Bardzo smutno, mi tym bardziej, bo dopiero parę dni temu dowiedziałem się, że już od roku nie żyje Wanda Warska też wielka artystka. Więc cios podwójny. Tak wielkich artystek jak Ewa Demarczyk i Wanda Warska Polska już nie będzie miała.
Zygmunt Konieczny skomponował ten utwór dla Demarczyk, gdy usłyszał, że ona ma nieprawdopodobne możliwości wokalne. Trzech geniuszy poeta, kompozytor i wokalistka!
Tekst jest autorstwa Mirona Białoszewskiego . Nie wiem jak jest teraz ale każdy kto kto zdawał maturę 20 lat temu wie kto to jest Miron Białoszewski, a kto nie wie, to wujek google podpowie :)
@@bobasss80 Jest świetny film o Mironie Białoszewskim z Andrzejem Hudziakiem w roli Mirona i z Krystyną Jandą grającą Jadwigę Stańczykowską niewidomą poetkę i przyjaciółkę Białoszewskiego Parę osób, mały czas w reżyserii Andrzeja Barańskiego. Polecam!

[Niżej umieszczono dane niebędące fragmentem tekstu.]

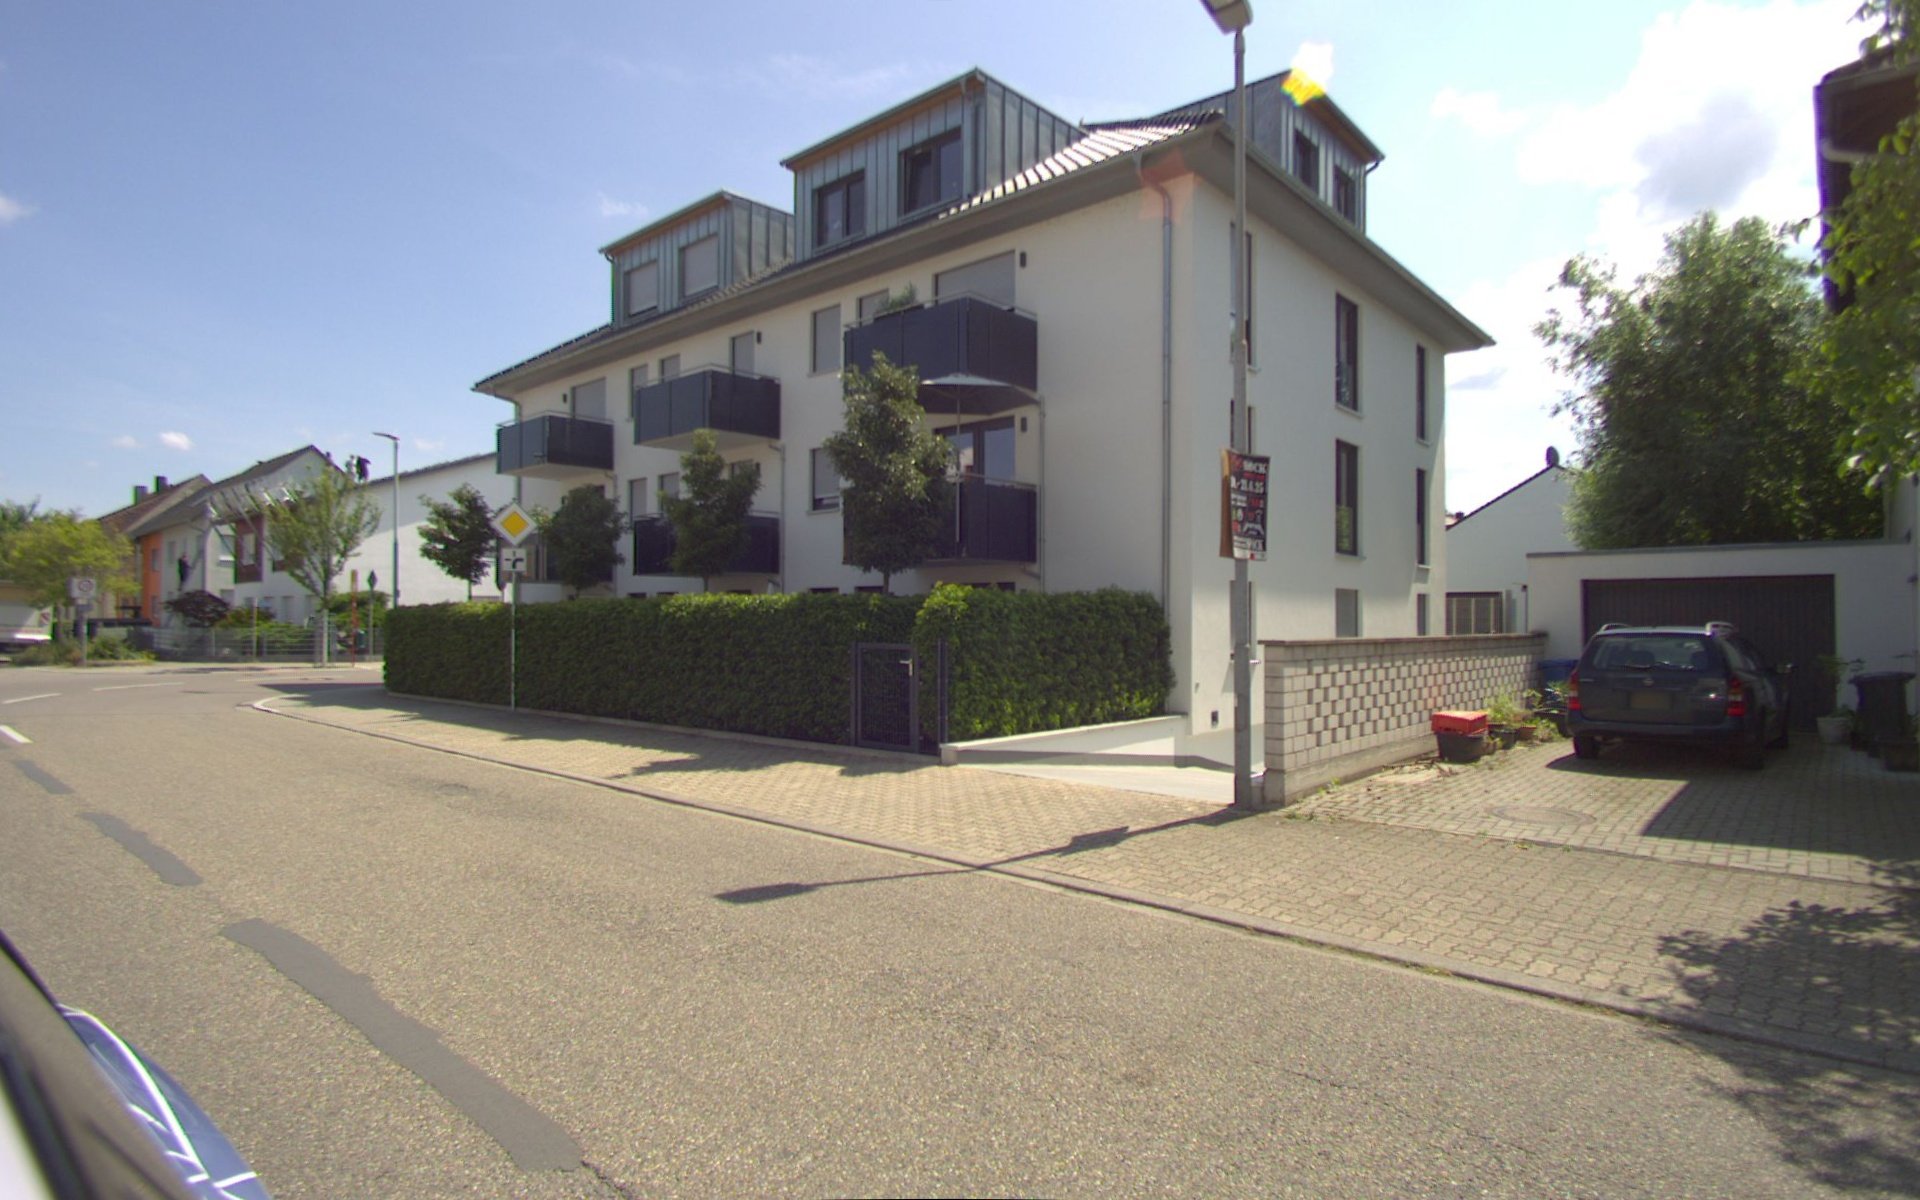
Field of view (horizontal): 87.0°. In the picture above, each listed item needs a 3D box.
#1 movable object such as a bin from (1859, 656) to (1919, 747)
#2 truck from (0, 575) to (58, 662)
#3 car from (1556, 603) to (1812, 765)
[{"bbox_3d":[10.150,1.091,11.015,0.528,0.907,0.620,-1,0,43],"label":"movable object such as a bin"},{"bbox_3d":[-39.300,0.763,41.365,7.030,3.271,2.413,-1,-5,40],"label":"truck"},{"bbox_3d":[8.278,0.844,11.435,1.794,1.503,3.869,-3,-3,44],"label":"car"}]

Ukochana Pani Ewo, “... I orszak stukonny ruszył z kopyta...” by zawieźć Cię do nieba. Była Pani Największą z największych - z talentem bezkresnym jak Wszechświat, z niedoścignionym wokalem, a poezję interpretowała Pani zjawiskowo. Spoczywaj w pokoju. Do zobaczenia, kiedyś w niebie, na spektaklu w Pani Teatrze. Będzie tu bardzo tęskno za Panią.

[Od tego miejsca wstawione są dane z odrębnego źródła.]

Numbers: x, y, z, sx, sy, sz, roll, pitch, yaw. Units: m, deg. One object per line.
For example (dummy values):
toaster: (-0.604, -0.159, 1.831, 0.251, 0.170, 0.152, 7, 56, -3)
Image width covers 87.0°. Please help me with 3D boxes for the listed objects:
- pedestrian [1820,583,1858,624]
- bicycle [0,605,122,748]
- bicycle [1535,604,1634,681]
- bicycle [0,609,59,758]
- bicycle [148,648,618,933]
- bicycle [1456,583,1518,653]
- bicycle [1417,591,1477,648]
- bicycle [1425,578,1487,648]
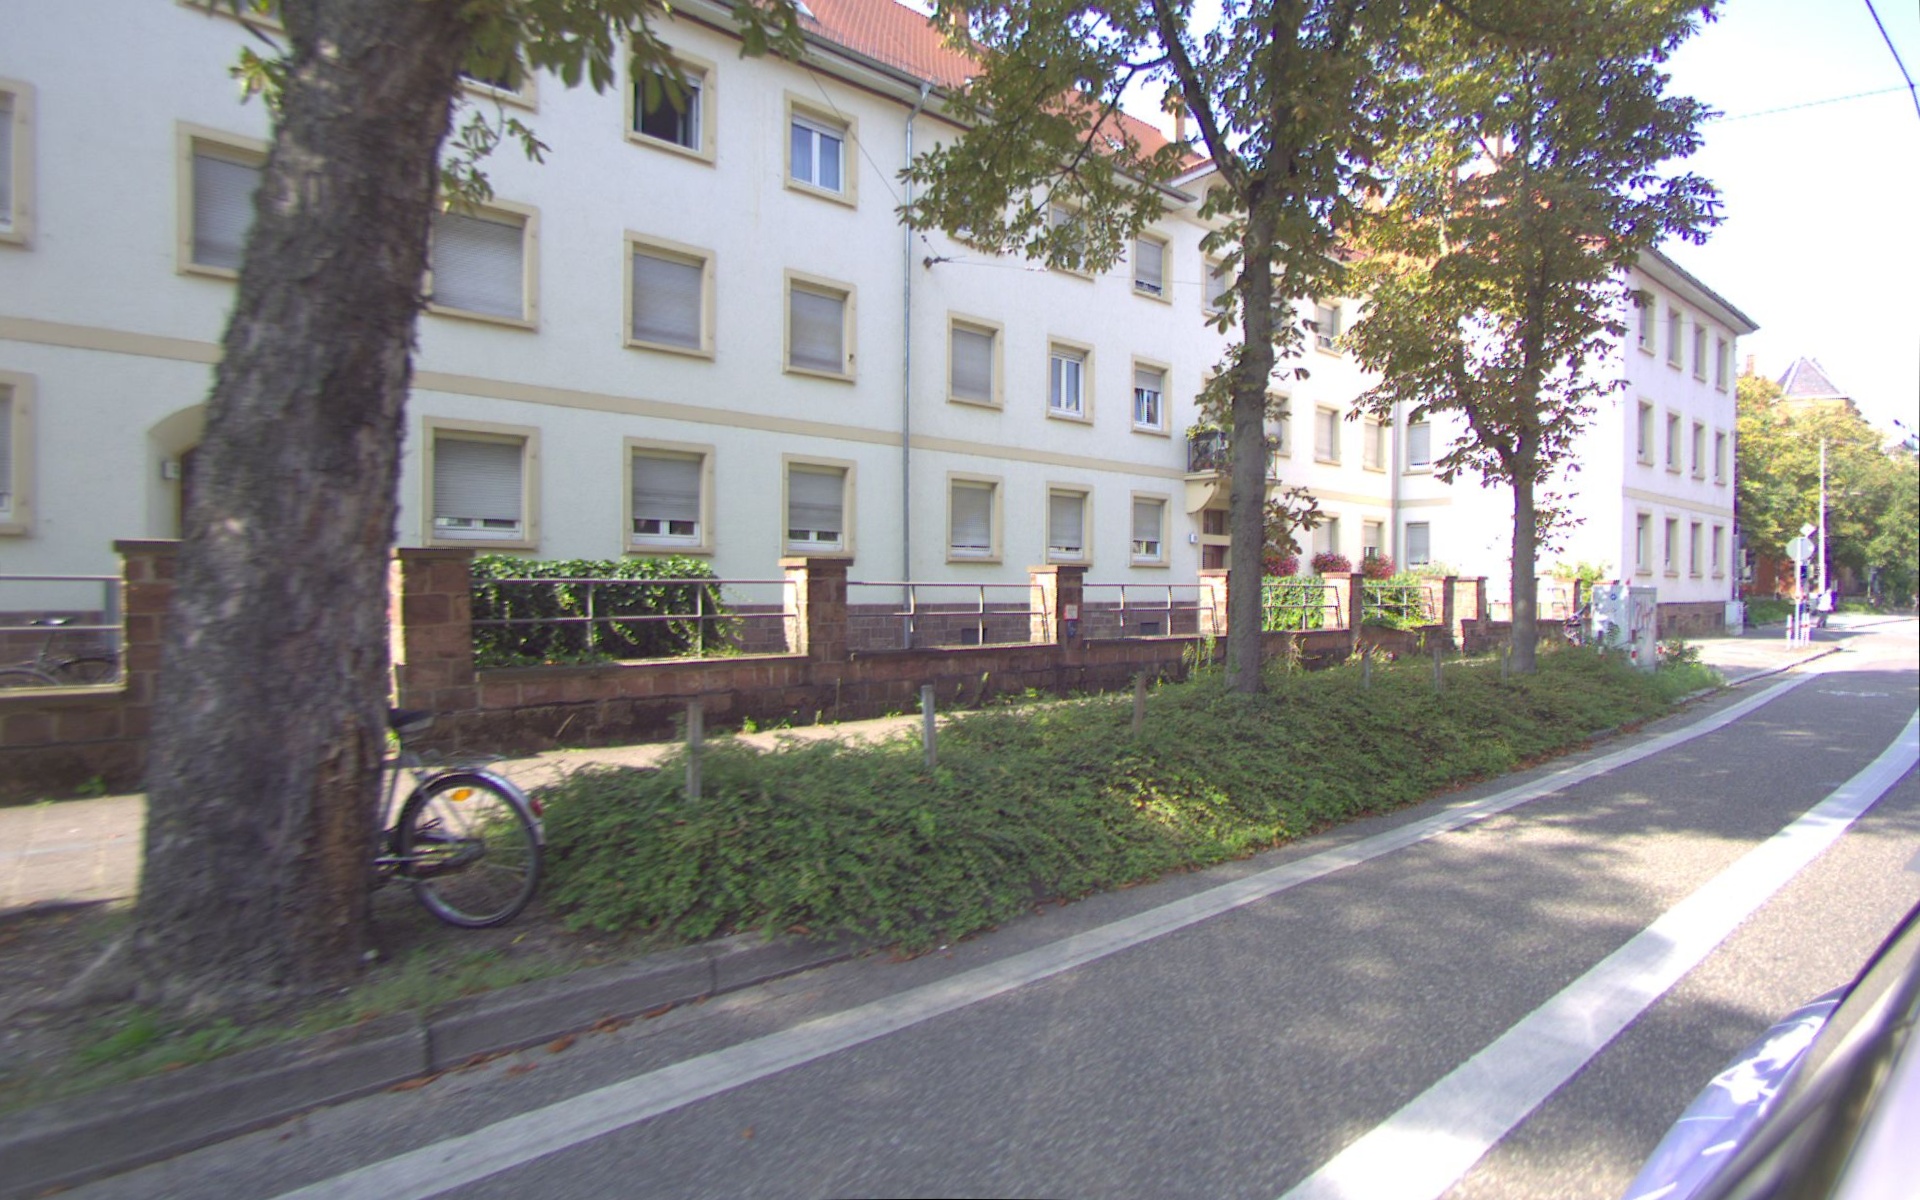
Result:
pedestrian: (39.404, 0.133, 45.365, 0.953, 1.745, 1.079, 0, 3, -41)
bicycle: (-7.677, 0.599, 7.938, 1.698, 1.087, 0.524, -1, 0, -40)
bicycle: (9.948, 0.633, 16.085, 2.294, 1.118, 0.772, 0, 1, -43)
bicycle: (-7.616, 0.621, 7.262, 1.698, 1.087, 0.524, -1, 0, -40)
bicycle: (-2.369, 0.761, 4.249, 1.696, 1.087, 0.525, 0, 0, 2)
bicycle: (11.382, 0.370, 21.847, 1.707, 1.473, 0.455, 0, -1, -36)
bicycle: (10.867, 0.418, 22.570, 1.707, 1.231, 0.455, 0, -1, -36)
bicycle: (10.781, 0.275, 21.991, 1.707, 1.473, 0.455, 0, -1, -36)

🖤💔14.08.2020 r. 🖤💔 Pani Ewo : dziękuję, że byłaś - pozostaniesz na zawsze... ❤️ Odpoczywaj w pokoju 💔🖤 Polsko-tracisz najcenniejszych ludzi... Jeszcze tylko garstka tak wielkich osobowości pozostala😢
@@CezariuszBarykent Miron Białoszewski write it in reference to carousel that German soldiers built near Warsaw Getto (at aryan side) during Jew uprising at 1943
@@jacekkarny302 maybe you're mistaking it with a different work. The motif of that carousel which was visible from the Warsaw Ghetto is present in Polish literature, maybe you're thinking of Czesław Miłosz's Campo di Fiori. The carousel described here by Białoszewski is a regular carousel.
"A przecież mi żal" - Ewa Demarczyk, Ania German, Bułat Okudżawa, Edmund Fetting - tylu wspaniałych odeszło. Ewa "nie była na sprzedaż", ona nie podlizywała się publiczności "modnymi piosenkami", Ona, tak jak i Ania German była SOBĄ. Do zobaczenia, wierzę, kiedyś TAM. "Niebo złote Ci otworzę".

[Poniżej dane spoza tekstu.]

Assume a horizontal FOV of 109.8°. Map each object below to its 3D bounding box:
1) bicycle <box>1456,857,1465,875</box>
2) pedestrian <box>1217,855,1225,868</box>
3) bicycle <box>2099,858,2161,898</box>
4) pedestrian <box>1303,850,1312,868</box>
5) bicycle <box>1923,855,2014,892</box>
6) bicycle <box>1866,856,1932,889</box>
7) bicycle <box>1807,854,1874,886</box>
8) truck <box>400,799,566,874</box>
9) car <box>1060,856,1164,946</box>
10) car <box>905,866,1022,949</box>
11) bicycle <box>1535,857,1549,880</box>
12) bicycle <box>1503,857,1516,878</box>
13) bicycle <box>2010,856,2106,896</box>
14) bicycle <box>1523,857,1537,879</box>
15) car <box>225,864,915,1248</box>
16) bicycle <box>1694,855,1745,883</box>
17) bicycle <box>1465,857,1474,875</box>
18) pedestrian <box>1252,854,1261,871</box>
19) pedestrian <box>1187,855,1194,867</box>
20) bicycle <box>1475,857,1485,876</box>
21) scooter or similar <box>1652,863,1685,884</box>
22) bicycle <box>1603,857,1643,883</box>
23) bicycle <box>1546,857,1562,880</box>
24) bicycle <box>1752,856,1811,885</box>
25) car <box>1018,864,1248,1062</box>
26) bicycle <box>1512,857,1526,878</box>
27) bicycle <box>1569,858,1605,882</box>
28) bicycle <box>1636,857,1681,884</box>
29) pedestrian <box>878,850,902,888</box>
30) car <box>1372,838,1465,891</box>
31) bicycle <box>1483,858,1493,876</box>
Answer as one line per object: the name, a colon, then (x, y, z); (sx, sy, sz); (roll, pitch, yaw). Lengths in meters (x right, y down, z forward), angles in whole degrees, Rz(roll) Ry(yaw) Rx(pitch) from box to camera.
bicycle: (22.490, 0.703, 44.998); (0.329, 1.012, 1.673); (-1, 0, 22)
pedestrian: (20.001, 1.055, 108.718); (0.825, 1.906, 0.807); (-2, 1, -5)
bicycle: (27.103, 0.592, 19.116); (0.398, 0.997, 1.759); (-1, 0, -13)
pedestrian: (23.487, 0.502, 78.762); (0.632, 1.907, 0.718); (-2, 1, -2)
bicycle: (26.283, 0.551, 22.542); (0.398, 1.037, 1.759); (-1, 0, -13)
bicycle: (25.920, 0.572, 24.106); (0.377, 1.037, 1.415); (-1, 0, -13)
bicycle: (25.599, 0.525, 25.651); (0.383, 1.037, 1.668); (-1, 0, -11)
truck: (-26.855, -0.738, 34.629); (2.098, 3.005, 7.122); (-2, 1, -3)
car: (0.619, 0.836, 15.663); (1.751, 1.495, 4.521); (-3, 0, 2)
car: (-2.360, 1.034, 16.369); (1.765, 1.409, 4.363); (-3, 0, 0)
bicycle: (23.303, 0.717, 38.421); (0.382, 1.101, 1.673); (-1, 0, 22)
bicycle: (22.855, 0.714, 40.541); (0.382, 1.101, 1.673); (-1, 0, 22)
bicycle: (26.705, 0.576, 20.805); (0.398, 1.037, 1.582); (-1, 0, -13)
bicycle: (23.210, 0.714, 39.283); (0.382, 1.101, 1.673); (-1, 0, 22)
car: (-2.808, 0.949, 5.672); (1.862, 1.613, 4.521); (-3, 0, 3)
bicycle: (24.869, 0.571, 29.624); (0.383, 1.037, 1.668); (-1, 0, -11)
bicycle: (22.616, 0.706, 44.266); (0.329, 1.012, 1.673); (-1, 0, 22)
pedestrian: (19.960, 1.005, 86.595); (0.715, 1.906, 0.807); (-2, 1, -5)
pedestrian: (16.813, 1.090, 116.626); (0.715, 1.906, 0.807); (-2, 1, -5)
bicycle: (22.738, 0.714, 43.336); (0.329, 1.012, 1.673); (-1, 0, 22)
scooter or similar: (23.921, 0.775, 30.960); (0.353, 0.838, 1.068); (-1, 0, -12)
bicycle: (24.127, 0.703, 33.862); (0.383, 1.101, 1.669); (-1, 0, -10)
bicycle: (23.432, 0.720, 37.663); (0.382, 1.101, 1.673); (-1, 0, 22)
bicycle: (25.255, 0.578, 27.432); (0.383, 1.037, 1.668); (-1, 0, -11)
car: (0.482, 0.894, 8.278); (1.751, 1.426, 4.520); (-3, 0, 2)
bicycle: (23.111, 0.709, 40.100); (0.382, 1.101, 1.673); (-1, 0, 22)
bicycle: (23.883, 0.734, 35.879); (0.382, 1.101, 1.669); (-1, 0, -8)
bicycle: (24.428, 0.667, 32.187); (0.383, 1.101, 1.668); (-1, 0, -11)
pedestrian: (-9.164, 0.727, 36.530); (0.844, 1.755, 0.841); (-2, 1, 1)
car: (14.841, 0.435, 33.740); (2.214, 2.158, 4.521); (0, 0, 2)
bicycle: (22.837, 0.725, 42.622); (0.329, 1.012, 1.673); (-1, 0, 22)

Tak, genialny tekst, genialna muzyka, genialny śpiew. Taki ogień wypala i zostawia w człowieku samo dobre. Pani Ewo, gdzie Pani jest...? Tęsknię za Panią od lat.
Orszak stukonny ruszył z kopyta... Najcudowniejsza, magiczna, Nasza... Śpij snem spokojnym, kochana Ewo... Nigdy nie zapomnimy! Niech Twój głos brzmi już na zawsze... Łzy płyną do tej chwili...
Ktos, kto (cudem audiowizualnym) zauwazyl, ze wersja sz pani Steczkowskiej jest LEPSZA, musi byc NIEULECZALNIE gluchy.Proponuje karuzele z lekarzami. Laryngologia/neurologia/oftalmologia/psychomorfologia. Generalnie jakas -ogia. Nalezy sie. Niech sie wklad finansowy zwroci.
Pamiętam, jak w gimnazjum polonistka nam zaprezentowała ten utwór, gdy przerabialiśmy poezję Białoszewskiego... To smutne, że większość osób z mojej klasy nie potrafiło tego docenić. A ja, zachwycona, i poezją Białoszewskiego, i wokalem Pani Demarczyk...
abstrahując od innych odpowiedzi... kończyłem szkołę na długo przed utworzeniem gimnazjów (podstawówkę), a później technikum i wiele było takich chwil, kiedy np. z Ferdydurke trzeba bylo się zmierzyć... ludzie muszą przyjac do wiadomości, że nie wszyscy dojrzewaja w tym samym czasie i tzw. "głaby" po 15-tu latach okazują się bardziej biegli w temacia od tzw. "orłów", którzy bezmylnie wykuli temat na blaszke... cóż, życie poza tym nie wszystkich musi interesować to samo w tym samym czasie... i wiem, że odpowiadam na post sprzed czterech lat... cóż, życie
Ciekawe, że pani Ewa utrudniła sobie śpiewanie poprzez minimalne wprawdzie ale jednak niełatwe zmiany w tekście. Np. Białoszewski ma: "Migają w krąg anglezy grzyw...", a p. Ewa śpiewa "Migają w krąg anglezy *siwych* grzyw..." - dodatkowy wyraz, który tylko utrudnia dykcję, ale za to wzmacnia bardzo efekt rytmiczny.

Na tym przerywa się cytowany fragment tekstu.